Records drawn from a dataset:
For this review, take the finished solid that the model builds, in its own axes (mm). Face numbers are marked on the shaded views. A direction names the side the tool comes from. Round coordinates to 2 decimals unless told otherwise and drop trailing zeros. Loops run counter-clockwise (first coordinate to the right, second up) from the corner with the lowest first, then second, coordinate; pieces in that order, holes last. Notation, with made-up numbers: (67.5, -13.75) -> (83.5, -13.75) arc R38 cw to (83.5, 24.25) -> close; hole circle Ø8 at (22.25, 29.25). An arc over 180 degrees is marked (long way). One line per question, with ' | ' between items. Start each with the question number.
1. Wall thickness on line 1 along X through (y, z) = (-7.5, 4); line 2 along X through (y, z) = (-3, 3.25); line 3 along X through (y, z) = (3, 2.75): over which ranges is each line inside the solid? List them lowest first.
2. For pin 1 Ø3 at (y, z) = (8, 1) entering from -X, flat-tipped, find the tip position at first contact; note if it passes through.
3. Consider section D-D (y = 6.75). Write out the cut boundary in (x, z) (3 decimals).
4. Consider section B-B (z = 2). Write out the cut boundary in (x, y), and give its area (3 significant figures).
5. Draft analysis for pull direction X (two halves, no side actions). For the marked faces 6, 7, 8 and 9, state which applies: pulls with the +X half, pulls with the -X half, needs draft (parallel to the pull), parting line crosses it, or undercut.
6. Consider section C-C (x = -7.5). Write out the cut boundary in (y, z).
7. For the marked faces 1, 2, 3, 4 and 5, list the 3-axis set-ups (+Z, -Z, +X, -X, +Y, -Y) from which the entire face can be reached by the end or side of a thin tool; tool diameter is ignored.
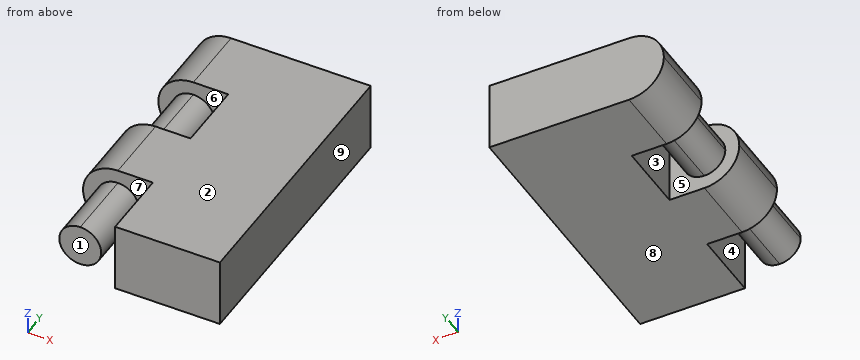
```python
from build123d import *

# Parameters (mm, degrees)
F0_W     = 12.7
F0_H     = 25.4
F1_DEPTH = 6.35
F3_DEPTH = 25.4
F4_DEPTH = 25.4
F5_W     = 3.1755
F5_H     = 6.35
F5_W_2   = 3.1745
F6_DEPTH = 25.4
F7_DEPTH = 25.4


with BuildPart() as f1:
    # F0 (on Top) → F1 (new body)
    with BuildSketch(Plane.XY):
        Rectangle(F0_W, F0_H)
    extrude(amount=F1_DEPTH)

    # F2 (on face) → F3 (join)
    with BuildSketch(Plane(origin=(0, 12.7, 0), x_dir=(-1, 0, 0), z_dir=(0, 1, 0))):
        with BuildLine():
            Line((6.35, 5.08), (6.35, 6.35))
            ThreePointArc((6.35, 6.35), (3.175, 3.175), (6.35, 0))
            Line((6.35, 0), (6.35, 1.27))
            ThreePointArc((6.35, 1.27), (4.445, 3.175), (6.35, 5.08))
        make_face()
        with BuildLine():
            ThreePointArc((-6.35, 0), (-4.104936, 0.929936), (-3.175, 3.175))
            ThreePointArc((-3.175, 3.175), (-4.104936, 5.420064), (-6.35, 6.35))
            Line((-6.35, 6.35), (-6.35, 5.08))
            ThreePointArc((-6.35, 5.08), (-5.002962, 4.522038), (-4.445, 3.175))
            ThreePointArc((-4.445, 3.175), (-5.002962, 1.827962), (-6.35, 1.27))
            Line((-6.35, 1.27), (-6.35, 0))
        make_face()
        with BuildLine():
            ThreePointArc((9.525, 3.175), (8.595064, 5.420064), (6.35, 6.35))
            Line((6.35, 6.35), (6.35, 5.08))
            ThreePointArc((6.35, 5.08), (7.697038, 4.522038), (8.255, 3.175))
            ThreePointArc((8.255, 3.175), (7.697038, 1.827962), (6.35, 1.27))
            Line((6.35, 1.27), (6.35, 0))
            ThreePointArc((6.35, 0), (8.595064, 0.929936), (9.525, 3.175))
        make_face()
        with BuildLine():
            ThreePointArc((-4.445, 3.175), (-5.002962, 4.522038), (-6.35, 5.08))
            Line((-6.35, 5.08), (-6.35, 1.27))
            ThreePointArc((-6.35, 1.27), (-5.002962, 1.827962), (-4.445, 3.175))
        make_face()
    extrude(amount=-F3_DEPTH)

    # F2 (on face) → F4 (cut)
    with BuildSketch(Plane(origin=(0, 12.7, 0), x_dir=(-1, 0, 0), z_dir=(0, 1, 0))):
        with BuildLine():
            Line((-6.35, 1.27), (-6.35, 5.08))
            ThreePointArc((-6.35, 5.08), (-8.255, 3.175), (-6.35, 1.27))
        make_face()
        with BuildLine():
            ThreePointArc((8.255, 3.175), (7.697038, 4.522038), (6.35, 5.08))
            Line((6.35, 5.08), (6.35, 1.27))
            ThreePointArc((6.35, 1.27), (7.697038, 1.827962), (8.255, 3.175))
        make_face()
    extrude(amount=-F4_DEPTH, mode=Mode.SUBTRACT)

    # F5 (on face) → F6 (cut)
    with BuildSketch(Plane(origin=(0, 0, 0), x_dir=(1, 0, 0), z_dir=(0, 0, -1))):
        with Locations((-7.93775, 9.525)):
            Rectangle(F5_W, F5_H)
        with Locations((-7.93775, -3.175)):
            Rectangle(F5_W, F5_H)
        with Locations((-4.76275, 9.525)):
            Rectangle(F5_W_2, F5_H)
        with Locations((-4.76275, -3.175)):
            Rectangle(F5_W_2, F5_H)
    extrude(amount=-F6_DEPTH, mode=Mode.SUBTRACT)

    # F2 (on face) → F7 (join)
    with BuildSketch(Plane(origin=(0, 12.7, 0), x_dir=(-1, 0, 0), z_dir=(0, 1, 0))):
        with BuildLine():
            ThreePointArc((8.255, 3.175), (7.697038, 4.522038), (6.35, 5.08))
            Line((6.35, 5.08), (6.35, 1.27))
            ThreePointArc((6.35, 1.27), (7.697038, 1.827962), (8.255, 3.175))
        make_face()
        with BuildLine():
            Line((6.35, 1.27), (6.35, 5.08))
            ThreePointArc((6.35, 5.08), (4.445, 3.175), (6.35, 1.27))
        make_face()
    extrude(amount=-F7_DEPTH)


solid = f1.part
```
Answer block:
1) line 1: x = -8.07 to -4.63, -3.18 to 6.35 | line 2: x = -9.52 to 6.35 | line 3: x = -8.21 to -4.49, -3.18 to 6.35
2) pin 1: stops at x = -9.45
3) outline: (-6.35, 0) -> (6.35, 0) -> (6.35, 6.35) -> (-6.35, 6.35) arc R3.175 ccw to start
4) outline: (-9.3, -6.35) -> (-7.85, -6.35) -> (-7.85, -12.7) -> (-4.85, -12.7) -> (-4.85, -6.35) -> (-3.18, -6.35) -> (-3.18, -12.7) -> (6.35, -12.7) -> (6.35, 12.7) -> (-9.3, 12.7) -> (-9.3, 6.35) -> (-7.85, 6.35) -> (-7.85, 0) -> (-9.3, 0) -> close; hole (-4.85, 0) -> (-3.18, 0) -> (-3.18, 6.35) -> (-4.85, 6.35) -> close | area: 358 mm2
5) face 6: undercut | face 7: undercut | face 8: needs draft | face 9: pulls with the +X half
6) outline: (-12.7, 1.66) -> (-6.35, 1.66) -> (-6.35, 0.22) -> (0, 0.22) -> (0, 1.66) -> (6.35, 1.66) -> (6.35, 0.22) -> (12.7, 0.22) -> (12.7, 6.13) -> (6.35, 6.13) -> (6.35, 4.69) -> (0, 4.69) -> (0, 6.13) -> (-6.35, 6.13) -> (-6.35, 4.69) -> (-12.7, 4.69) -> close
7) face 1: +Z, -Z, +X, -X, -Y | face 2: +Z, +X, -X, +Y, -Y | face 3: +Z, -Z | face 4: +Z, -Z, -Y | face 5: none

→ **REQUIRED WORK**
Search the records for the word "undercut" and copy every line where it occurs.

→ **COMPLETED TASK**
5. Draft analysis for pull direction X (two halves, no side actions). For the marked faces 6, 7, 8 and 9, state which applies: pulls with the +X half, pulls with the -X half, needs draft (parallel to the pull), parting line crosses it, or undercut.
5) face 6: undercut | face 7: undercut | face 8: needs draft | face 9: pulls with the +X half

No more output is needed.